What is needed >>
Extract precisely the lines of the entries below, from the first line through the line containing "24. rack frame (925,269,1008,328)".

════

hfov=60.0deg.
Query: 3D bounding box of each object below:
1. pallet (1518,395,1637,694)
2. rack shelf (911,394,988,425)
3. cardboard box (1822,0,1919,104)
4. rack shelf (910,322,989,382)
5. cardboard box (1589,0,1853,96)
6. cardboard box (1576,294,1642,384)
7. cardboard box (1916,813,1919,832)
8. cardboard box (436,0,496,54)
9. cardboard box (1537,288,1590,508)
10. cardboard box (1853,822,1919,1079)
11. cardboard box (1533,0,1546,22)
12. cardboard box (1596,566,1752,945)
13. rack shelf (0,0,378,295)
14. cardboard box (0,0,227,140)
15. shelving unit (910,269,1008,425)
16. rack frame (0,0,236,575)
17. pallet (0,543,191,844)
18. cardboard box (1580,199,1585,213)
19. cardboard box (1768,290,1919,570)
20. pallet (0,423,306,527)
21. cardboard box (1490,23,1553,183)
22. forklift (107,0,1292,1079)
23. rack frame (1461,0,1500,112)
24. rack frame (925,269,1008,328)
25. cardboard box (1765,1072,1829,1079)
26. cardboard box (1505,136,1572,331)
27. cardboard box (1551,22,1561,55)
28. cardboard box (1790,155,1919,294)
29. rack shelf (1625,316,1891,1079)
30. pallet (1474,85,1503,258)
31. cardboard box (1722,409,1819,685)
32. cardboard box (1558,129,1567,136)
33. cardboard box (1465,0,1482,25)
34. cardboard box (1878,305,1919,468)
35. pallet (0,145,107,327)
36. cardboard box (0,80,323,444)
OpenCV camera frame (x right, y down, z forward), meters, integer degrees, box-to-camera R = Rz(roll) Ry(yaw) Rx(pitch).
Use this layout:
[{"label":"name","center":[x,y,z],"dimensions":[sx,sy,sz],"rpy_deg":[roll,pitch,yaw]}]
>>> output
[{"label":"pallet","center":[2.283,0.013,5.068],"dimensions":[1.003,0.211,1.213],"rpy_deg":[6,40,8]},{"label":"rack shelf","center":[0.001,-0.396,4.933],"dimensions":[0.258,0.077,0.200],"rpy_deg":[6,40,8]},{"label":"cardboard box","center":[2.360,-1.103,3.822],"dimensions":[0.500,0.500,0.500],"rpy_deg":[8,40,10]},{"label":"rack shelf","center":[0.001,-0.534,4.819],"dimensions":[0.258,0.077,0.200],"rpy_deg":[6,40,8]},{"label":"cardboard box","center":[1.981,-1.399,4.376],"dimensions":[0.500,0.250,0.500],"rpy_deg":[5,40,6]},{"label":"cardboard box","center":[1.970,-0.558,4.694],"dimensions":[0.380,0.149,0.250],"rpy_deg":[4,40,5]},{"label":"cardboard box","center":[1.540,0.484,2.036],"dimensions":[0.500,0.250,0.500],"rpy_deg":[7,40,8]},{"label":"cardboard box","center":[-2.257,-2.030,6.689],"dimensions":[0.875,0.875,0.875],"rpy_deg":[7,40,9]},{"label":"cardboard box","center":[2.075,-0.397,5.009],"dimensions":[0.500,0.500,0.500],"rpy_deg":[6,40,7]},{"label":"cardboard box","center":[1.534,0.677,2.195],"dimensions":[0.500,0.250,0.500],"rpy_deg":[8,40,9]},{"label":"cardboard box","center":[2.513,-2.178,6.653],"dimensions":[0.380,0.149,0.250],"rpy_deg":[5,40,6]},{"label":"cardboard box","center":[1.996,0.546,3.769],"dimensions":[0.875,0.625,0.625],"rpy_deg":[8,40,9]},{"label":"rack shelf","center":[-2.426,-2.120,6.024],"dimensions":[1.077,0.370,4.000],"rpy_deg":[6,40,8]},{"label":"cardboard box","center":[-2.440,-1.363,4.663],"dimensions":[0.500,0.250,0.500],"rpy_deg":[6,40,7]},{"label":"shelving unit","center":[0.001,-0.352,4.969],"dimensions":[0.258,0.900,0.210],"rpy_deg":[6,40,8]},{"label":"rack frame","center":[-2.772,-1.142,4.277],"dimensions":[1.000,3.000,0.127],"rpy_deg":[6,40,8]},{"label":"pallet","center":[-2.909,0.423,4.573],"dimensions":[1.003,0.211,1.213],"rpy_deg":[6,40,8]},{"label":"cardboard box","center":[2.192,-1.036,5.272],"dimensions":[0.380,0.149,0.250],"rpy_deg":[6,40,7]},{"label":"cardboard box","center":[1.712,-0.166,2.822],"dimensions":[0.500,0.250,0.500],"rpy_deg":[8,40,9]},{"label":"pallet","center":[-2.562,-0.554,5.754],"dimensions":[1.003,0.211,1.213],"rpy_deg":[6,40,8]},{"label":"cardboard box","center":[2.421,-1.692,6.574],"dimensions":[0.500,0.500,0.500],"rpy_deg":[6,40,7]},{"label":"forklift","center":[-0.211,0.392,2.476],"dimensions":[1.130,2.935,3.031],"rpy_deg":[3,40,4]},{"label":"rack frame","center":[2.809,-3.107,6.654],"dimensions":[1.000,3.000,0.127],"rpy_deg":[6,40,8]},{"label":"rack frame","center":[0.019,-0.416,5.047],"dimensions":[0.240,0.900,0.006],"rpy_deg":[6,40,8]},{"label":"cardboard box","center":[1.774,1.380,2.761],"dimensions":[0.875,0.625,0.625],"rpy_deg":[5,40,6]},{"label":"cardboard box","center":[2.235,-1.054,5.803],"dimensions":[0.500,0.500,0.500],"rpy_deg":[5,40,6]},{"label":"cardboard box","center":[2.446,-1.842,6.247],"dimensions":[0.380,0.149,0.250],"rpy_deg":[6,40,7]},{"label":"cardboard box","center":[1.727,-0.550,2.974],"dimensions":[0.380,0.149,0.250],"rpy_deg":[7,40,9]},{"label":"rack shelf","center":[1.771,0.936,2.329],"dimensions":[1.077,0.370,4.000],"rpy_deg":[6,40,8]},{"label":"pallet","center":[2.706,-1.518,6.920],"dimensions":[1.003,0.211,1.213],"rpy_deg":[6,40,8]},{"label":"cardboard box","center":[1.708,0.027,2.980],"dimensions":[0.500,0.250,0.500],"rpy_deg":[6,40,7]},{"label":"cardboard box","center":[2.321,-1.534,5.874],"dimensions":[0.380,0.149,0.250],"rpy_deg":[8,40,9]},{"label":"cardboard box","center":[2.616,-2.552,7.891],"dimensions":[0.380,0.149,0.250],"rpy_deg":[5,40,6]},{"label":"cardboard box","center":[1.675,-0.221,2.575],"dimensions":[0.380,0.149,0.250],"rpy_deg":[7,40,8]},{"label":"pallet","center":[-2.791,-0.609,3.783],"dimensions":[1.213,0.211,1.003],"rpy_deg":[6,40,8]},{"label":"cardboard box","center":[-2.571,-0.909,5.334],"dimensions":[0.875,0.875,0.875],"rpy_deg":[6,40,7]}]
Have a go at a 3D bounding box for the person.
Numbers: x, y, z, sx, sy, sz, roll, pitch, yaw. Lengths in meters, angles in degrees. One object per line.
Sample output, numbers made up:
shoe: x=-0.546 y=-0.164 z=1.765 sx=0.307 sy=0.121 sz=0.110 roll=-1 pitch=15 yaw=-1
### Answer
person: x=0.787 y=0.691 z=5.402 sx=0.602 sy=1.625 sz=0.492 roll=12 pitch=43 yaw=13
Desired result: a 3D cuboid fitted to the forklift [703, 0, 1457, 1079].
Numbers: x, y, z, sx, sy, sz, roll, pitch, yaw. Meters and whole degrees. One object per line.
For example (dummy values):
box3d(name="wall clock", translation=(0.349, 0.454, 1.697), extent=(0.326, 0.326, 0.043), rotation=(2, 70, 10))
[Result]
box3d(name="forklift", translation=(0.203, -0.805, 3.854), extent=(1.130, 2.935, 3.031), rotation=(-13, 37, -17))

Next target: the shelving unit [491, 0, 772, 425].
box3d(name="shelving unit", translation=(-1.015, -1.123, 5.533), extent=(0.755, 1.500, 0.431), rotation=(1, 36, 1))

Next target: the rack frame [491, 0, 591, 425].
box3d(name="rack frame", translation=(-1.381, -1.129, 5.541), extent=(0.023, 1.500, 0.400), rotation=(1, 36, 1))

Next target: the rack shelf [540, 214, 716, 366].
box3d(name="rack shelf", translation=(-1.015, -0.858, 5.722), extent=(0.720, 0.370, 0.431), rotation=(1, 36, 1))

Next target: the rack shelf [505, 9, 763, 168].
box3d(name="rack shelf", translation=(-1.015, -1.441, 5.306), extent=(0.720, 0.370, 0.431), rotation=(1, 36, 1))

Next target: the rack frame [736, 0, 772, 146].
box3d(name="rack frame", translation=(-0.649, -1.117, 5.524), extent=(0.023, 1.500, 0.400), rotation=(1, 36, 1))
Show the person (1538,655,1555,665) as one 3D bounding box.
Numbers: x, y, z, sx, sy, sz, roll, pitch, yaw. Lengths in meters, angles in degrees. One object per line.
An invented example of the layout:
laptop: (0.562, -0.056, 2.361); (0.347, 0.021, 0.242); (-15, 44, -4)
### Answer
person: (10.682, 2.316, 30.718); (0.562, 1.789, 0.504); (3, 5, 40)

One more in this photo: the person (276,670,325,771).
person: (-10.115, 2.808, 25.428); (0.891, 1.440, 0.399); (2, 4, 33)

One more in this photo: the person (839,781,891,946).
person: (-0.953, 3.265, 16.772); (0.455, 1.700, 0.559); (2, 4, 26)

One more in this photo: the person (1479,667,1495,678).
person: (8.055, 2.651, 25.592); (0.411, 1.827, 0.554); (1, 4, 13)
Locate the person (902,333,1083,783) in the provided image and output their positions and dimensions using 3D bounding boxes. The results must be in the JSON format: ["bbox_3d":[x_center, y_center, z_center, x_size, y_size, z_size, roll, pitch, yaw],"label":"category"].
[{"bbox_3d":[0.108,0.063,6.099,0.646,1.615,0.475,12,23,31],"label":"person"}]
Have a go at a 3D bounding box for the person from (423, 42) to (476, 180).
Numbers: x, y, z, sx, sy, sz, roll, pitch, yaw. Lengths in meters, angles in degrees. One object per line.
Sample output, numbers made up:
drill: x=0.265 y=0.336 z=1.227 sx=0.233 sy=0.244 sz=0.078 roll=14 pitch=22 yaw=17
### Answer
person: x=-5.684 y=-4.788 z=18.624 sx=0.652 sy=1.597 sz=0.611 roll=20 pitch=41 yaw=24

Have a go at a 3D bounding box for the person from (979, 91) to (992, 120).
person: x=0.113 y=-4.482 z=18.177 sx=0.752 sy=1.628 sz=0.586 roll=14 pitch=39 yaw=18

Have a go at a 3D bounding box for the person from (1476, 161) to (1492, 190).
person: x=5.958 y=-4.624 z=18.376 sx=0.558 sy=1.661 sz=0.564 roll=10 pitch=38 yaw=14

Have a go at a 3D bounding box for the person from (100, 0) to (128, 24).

════

Answer for the task >>
hfov=60.0deg.
Query: 3D bounding box of each object below:
1. pallet (1518,395,1637,694)
2. rack shelf (911,394,988,425)
3. cardboard box (1822,0,1919,104)
4. rack shelf (910,322,989,382)
5. cardboard box (1589,0,1853,96)
6. cardboard box (1576,294,1642,384)
7. cardboard box (1916,813,1919,832)
8. cardboard box (436,0,496,54)
9. cardboard box (1537,288,1590,508)
10. cardboard box (1853,822,1919,1079)
11. cardboard box (1533,0,1546,22)
12. cardboard box (1596,566,1752,945)
13. rack shelf (0,0,378,295)
14. cardboard box (0,0,227,140)
15. shelving unit (910,269,1008,425)
16. rack frame (0,0,236,575)
17. pallet (0,543,191,844)
18. cardboard box (1580,199,1585,213)
19. cardboard box (1768,290,1919,570)
20. pallet (0,423,306,527)
21. cardboard box (1490,23,1553,183)
22. forklift (107,0,1292,1079)
23. rack frame (1461,0,1500,112)
24. rack frame (925,269,1008,328)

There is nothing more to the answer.